Dataset excerpts
..........
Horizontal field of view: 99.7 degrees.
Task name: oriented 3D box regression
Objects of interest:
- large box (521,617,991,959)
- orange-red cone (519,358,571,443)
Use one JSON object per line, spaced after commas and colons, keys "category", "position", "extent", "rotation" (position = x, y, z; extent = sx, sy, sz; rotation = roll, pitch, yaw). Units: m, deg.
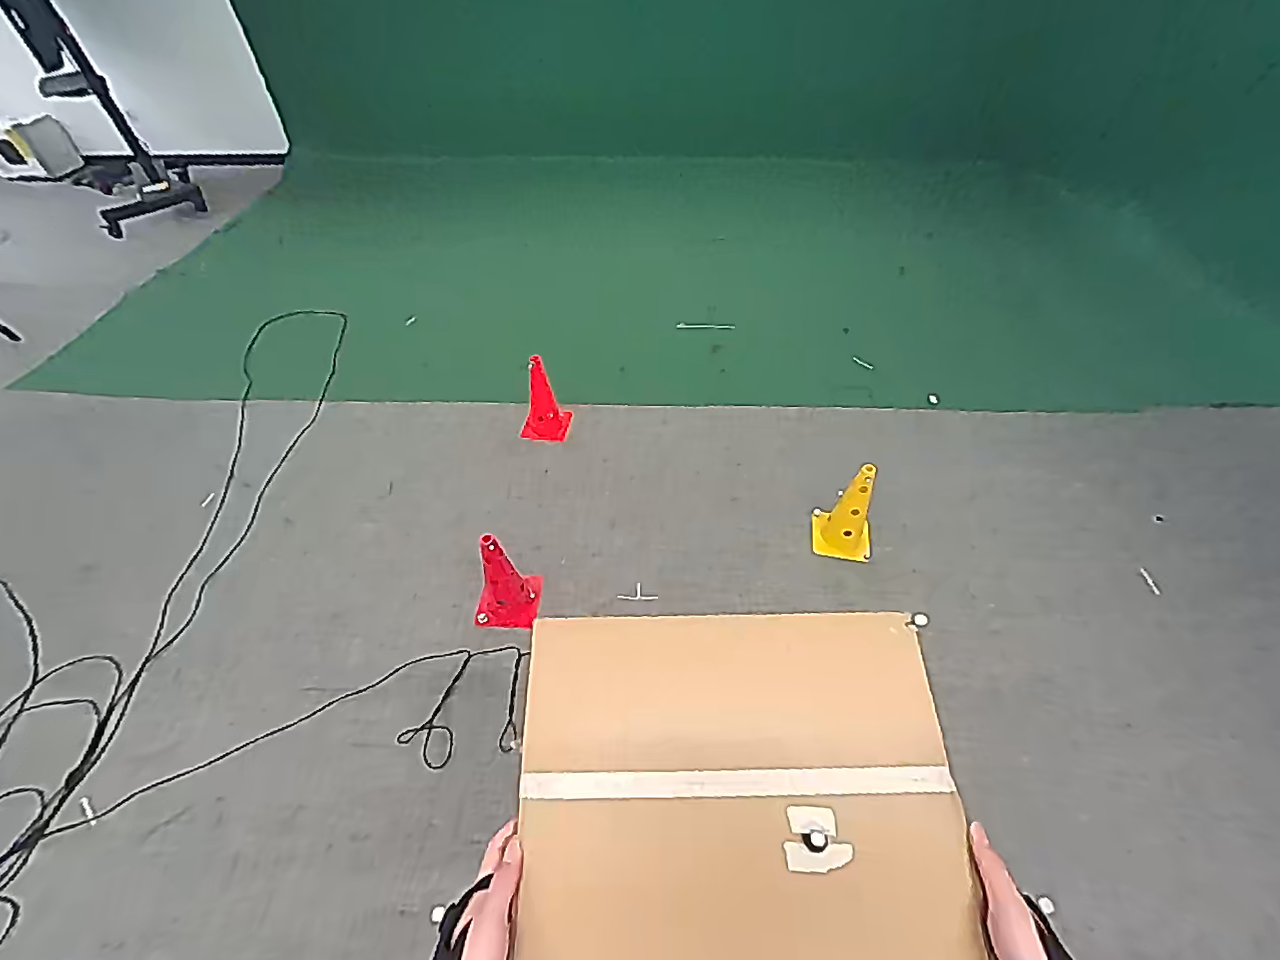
..........
Every line above goes into the copy unchanged; the pictures do not.

■ ANSWER TO THE PROBLEM
Horizontal field of view: 99.7 degrees.
Task name: oriented 3D box regression
Objects of interest:
- large box (521,617,991,959)
- orange-red cone (519,358,571,443)
Use one JSON object per line, spaced after commas and colons, keys "category", "position", "extent", "rotation" (position = x, y, z; extent = sx, sy, sz; rotation = roll, pitch, yaw). Units: m, deg.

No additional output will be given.